We are embracing multifaceted aspects of design as the field has been expanding into a variety of areas, from industrial design, graphic design, product design, social design, fashion design, to integration within music genres including pop, classic, and traditional, to media art, technology, AR/VR, social, digital, scientific, and technological spheres. All of these areas are related to the area of design because it is the artistic interpretations of designers that make the world around us more understandable and satisfying.
What are the highlights of this year’s event and the exhibited works?
There are so many, it is hard to only name a few. The GDB 2021 is highlighting both analog exploration as well as technological advancement particularly in relation to the positive ways they are helping the world cope and combat the current pandemic via designs of digital and smart technologies. For instance, ’’SounDUB System’’ is a welcoming installation consisting of a large wall of visual elements with labels representing each exhibitor. It was designed by MOTOElastico (South Korea) and built FUNNYPAPER (South Korea) with honeycomb cardboards, and is a ’’media wall’’ inspired by Jamaican sound systems that projects pre-digital forms of communication, from graffiti to graphic stickers, from concerts to uprising and political propaganda.

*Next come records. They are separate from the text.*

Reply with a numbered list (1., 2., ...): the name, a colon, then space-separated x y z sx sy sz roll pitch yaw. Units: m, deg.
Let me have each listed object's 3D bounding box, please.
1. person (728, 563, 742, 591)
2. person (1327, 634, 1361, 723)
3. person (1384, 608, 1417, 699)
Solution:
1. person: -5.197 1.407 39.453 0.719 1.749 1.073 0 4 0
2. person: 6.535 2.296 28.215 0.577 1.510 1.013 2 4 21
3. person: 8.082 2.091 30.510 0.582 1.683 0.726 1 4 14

The work explores artistic revolution and celebrates the Jamaican root of DUB—’’dubbing’’ (mixing) international elements with local flavors.

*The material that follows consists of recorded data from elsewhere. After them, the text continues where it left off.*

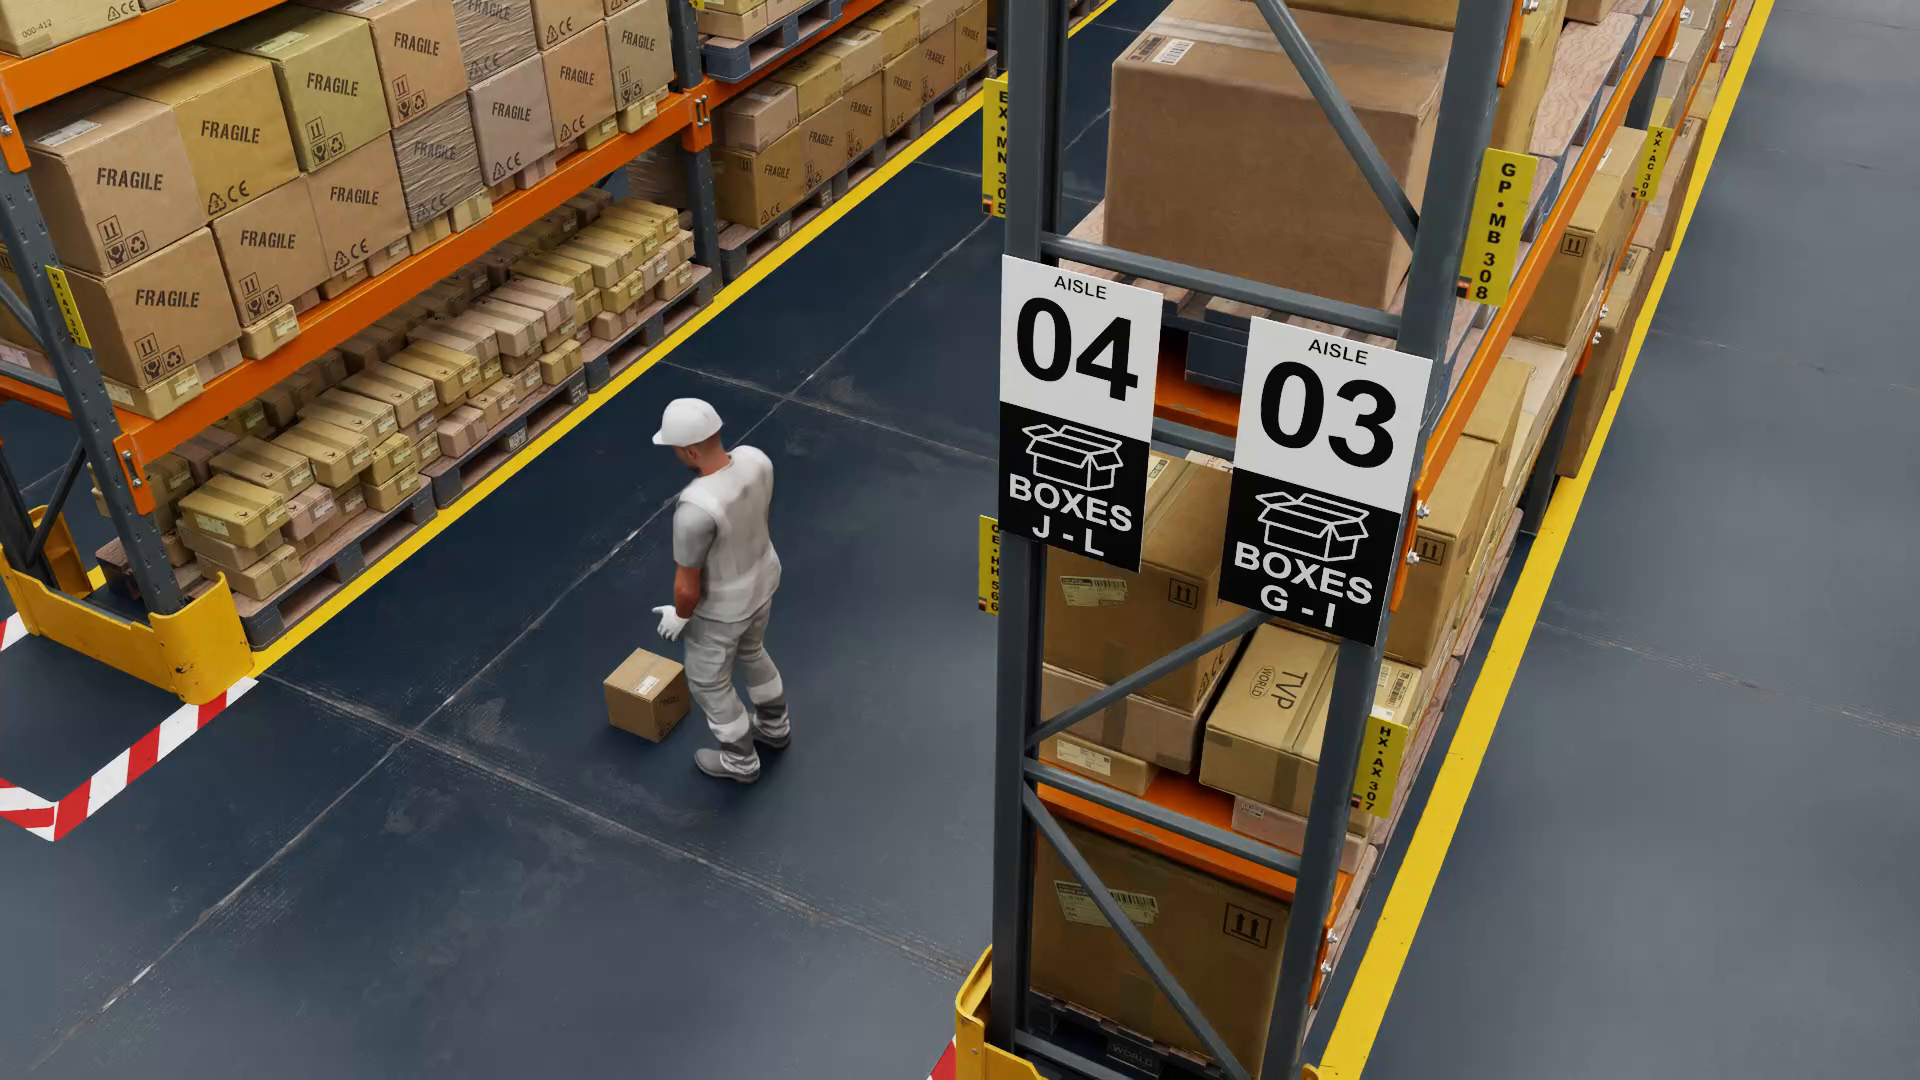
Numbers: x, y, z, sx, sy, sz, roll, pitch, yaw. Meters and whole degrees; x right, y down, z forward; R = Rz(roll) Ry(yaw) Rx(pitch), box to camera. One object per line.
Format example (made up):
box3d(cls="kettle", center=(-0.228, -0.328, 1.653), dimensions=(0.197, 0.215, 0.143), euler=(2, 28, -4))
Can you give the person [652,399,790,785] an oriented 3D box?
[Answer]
box3d(cls="person", center=(-0.930, 0.214, 6.474), dimensions=(0.400, 1.762, 0.535), euler=(18, 41, 22))

The ’From Color to Eternity’ is an installation work collaborated between Wanda Barcelona Design Studio (Spain) and D MUSEUM (South Korea): more than 4,000 paper blossoms, symbolizing the blooming wisteria flower, have been created by applying sophisticated laser and die-cutting techniques on fire-retardant paper, and then folded and weaved again by hand. The result is a magical scene of timeless splendor in which the design work and the audience communicate through seemingly natural beauty.

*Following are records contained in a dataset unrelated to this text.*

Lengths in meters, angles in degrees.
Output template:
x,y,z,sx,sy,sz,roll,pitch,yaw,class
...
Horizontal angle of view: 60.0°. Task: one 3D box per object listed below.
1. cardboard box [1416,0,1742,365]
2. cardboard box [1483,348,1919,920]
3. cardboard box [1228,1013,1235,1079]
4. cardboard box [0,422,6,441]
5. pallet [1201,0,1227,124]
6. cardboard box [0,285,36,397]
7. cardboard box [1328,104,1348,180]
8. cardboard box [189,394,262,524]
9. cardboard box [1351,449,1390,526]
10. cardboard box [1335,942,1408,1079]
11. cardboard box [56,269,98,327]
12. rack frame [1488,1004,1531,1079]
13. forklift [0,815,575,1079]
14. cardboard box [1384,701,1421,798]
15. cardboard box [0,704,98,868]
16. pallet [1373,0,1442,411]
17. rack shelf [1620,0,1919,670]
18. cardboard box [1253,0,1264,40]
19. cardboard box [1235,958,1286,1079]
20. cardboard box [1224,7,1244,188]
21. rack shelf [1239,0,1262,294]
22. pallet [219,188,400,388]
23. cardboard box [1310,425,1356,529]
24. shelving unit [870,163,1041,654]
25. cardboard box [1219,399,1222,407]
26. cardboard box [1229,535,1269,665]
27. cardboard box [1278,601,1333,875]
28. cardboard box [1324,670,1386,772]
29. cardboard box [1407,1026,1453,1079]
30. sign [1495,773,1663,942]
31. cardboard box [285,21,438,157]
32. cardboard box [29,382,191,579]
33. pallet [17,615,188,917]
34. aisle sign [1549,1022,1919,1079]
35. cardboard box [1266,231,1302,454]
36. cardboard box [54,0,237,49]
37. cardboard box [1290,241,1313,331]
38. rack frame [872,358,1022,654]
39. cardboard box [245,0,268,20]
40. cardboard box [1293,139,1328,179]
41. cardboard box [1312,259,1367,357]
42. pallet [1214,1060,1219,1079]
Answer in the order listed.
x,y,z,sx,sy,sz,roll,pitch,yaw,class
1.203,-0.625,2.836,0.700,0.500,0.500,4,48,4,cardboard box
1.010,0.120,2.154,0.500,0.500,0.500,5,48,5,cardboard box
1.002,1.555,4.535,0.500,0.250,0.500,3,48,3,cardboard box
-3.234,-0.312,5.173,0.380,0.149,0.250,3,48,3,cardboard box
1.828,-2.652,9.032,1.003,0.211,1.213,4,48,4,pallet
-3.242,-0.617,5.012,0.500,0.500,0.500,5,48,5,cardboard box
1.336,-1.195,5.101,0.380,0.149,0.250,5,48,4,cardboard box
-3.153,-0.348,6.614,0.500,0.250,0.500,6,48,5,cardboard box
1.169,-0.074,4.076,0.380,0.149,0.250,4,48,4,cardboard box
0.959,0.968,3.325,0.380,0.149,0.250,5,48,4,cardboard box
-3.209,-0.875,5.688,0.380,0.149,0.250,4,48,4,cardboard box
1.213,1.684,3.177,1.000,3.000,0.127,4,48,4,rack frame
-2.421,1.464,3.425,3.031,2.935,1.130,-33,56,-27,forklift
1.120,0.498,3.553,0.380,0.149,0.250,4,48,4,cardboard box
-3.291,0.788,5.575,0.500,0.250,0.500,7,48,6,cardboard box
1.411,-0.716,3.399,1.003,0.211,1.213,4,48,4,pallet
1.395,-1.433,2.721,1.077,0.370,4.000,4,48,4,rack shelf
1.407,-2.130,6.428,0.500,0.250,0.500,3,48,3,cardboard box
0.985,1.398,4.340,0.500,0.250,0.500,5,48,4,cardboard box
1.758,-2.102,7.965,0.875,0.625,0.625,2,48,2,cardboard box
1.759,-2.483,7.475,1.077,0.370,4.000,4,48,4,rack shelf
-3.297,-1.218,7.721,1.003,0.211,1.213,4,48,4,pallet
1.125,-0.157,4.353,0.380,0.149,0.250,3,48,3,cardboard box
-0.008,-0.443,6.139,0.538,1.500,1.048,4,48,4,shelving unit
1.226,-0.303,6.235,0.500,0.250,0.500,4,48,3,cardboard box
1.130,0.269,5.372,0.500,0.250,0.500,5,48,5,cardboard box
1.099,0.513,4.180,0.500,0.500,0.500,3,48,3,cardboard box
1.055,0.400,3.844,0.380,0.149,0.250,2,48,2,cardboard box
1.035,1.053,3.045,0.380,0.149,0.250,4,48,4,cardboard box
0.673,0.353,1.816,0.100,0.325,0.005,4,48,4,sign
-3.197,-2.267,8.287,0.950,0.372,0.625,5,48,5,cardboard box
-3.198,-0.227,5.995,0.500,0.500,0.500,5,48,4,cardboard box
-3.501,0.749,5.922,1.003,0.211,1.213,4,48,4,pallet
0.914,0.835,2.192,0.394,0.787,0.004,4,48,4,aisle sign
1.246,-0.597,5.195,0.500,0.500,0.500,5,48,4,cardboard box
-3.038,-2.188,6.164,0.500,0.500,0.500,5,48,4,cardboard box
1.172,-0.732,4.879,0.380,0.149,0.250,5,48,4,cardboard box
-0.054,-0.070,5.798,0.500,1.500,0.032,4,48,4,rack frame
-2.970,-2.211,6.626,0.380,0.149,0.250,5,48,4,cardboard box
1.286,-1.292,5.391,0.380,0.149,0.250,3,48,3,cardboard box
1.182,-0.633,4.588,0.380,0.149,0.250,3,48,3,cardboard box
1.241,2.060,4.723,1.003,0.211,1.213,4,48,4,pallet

Another highlight is the Peace of Mind project by EvoM, the first AI composer in Korea created by Professor Changwook Ahn. The work ’’Peace of Mind’’ was designed to connect and expand human-human relationships due to the distancing effects of AI in this unprecedented pandemic era. EvoM has a cold mechanical heart but conveys a peaceful message to the mind of those who are exhausted physically and mentally as a result of suffering from the Corona Blues phenomenon.